» **Dataset excerpts**
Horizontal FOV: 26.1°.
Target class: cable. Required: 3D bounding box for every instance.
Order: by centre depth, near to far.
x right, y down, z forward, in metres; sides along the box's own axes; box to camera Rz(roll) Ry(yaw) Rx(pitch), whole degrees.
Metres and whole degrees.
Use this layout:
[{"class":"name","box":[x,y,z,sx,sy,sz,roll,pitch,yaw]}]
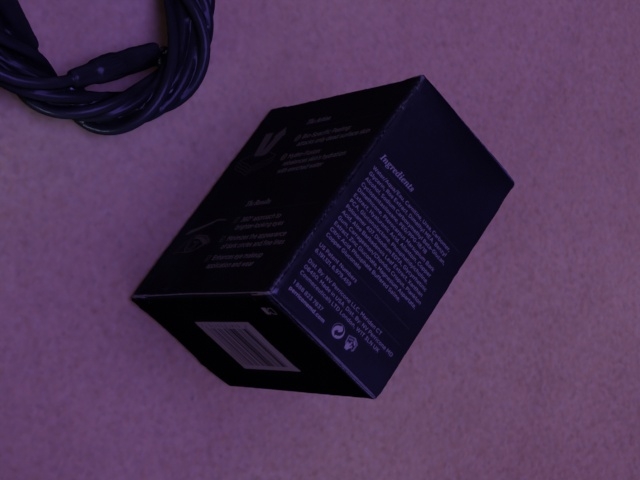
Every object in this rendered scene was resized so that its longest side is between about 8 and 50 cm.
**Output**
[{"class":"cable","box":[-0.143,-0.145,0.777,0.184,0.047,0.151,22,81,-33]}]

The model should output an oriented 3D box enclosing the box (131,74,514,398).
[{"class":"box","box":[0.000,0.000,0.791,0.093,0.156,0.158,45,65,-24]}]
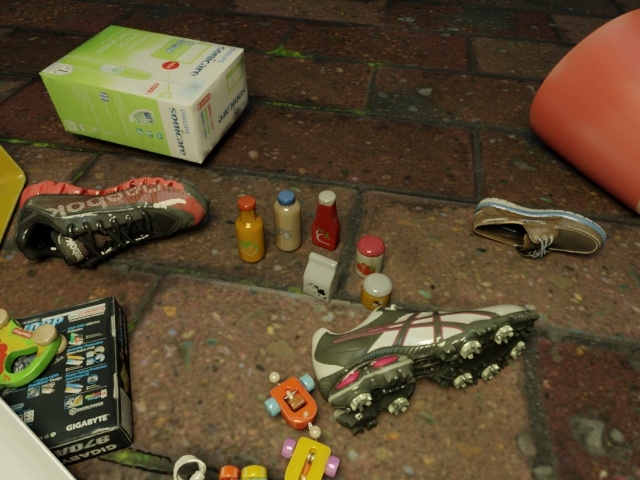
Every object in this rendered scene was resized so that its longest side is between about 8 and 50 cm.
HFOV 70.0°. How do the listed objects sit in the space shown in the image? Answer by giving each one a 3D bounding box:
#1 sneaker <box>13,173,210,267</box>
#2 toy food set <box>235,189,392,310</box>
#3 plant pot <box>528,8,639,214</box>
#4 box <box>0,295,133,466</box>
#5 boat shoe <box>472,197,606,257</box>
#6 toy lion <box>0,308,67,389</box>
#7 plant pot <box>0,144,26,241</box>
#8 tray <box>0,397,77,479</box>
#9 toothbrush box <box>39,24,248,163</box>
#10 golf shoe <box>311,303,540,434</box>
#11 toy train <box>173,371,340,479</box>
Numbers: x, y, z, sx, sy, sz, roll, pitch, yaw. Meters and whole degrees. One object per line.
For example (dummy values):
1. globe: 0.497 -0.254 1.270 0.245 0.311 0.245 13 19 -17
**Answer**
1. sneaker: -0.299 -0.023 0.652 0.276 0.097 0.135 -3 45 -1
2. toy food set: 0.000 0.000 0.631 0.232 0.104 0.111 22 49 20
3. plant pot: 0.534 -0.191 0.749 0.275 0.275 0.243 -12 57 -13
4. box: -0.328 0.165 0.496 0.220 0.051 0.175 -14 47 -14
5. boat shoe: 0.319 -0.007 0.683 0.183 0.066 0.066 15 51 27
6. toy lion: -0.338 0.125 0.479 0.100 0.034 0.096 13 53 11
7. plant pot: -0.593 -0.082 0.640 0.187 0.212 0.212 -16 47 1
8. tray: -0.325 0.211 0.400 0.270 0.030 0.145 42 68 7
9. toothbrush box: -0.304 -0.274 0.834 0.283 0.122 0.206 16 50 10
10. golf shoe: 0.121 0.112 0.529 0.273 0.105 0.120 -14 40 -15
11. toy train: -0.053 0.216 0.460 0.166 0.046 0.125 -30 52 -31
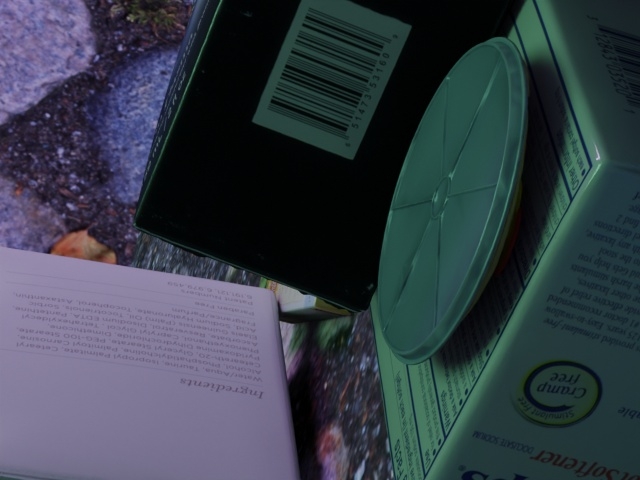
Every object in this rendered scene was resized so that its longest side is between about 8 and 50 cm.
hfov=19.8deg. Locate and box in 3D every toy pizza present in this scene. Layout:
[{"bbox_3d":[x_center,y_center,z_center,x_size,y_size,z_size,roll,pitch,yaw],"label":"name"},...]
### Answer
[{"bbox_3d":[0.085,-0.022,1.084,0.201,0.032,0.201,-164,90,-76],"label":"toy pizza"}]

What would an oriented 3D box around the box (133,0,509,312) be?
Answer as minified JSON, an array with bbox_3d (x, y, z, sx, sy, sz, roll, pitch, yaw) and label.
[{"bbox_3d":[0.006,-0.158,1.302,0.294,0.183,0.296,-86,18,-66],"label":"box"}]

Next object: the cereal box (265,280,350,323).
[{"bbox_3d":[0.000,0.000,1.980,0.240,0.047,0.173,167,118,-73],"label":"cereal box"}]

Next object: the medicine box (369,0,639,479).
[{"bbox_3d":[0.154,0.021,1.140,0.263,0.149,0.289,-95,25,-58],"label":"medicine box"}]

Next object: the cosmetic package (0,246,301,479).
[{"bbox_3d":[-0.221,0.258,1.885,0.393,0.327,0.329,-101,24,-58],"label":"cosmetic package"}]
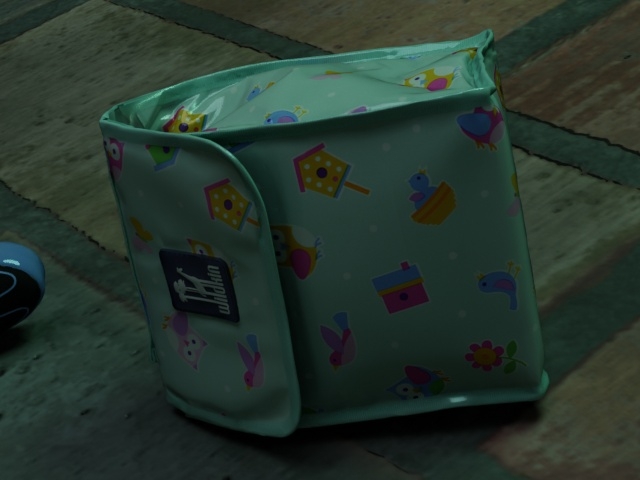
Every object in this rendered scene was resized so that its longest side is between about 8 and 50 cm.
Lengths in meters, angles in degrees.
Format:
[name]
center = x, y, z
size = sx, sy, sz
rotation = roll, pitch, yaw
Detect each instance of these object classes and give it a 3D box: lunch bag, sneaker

» **Instructions to follow**
Show each line of the data that contains the string "bounding".

» **Exercise output**
Target class: cable. Required: 3D bounding box for every instance.
HFOV 70.0°. How do the listed objects sit in the space shown in the image? Answer by giving each one a 3D bounding box:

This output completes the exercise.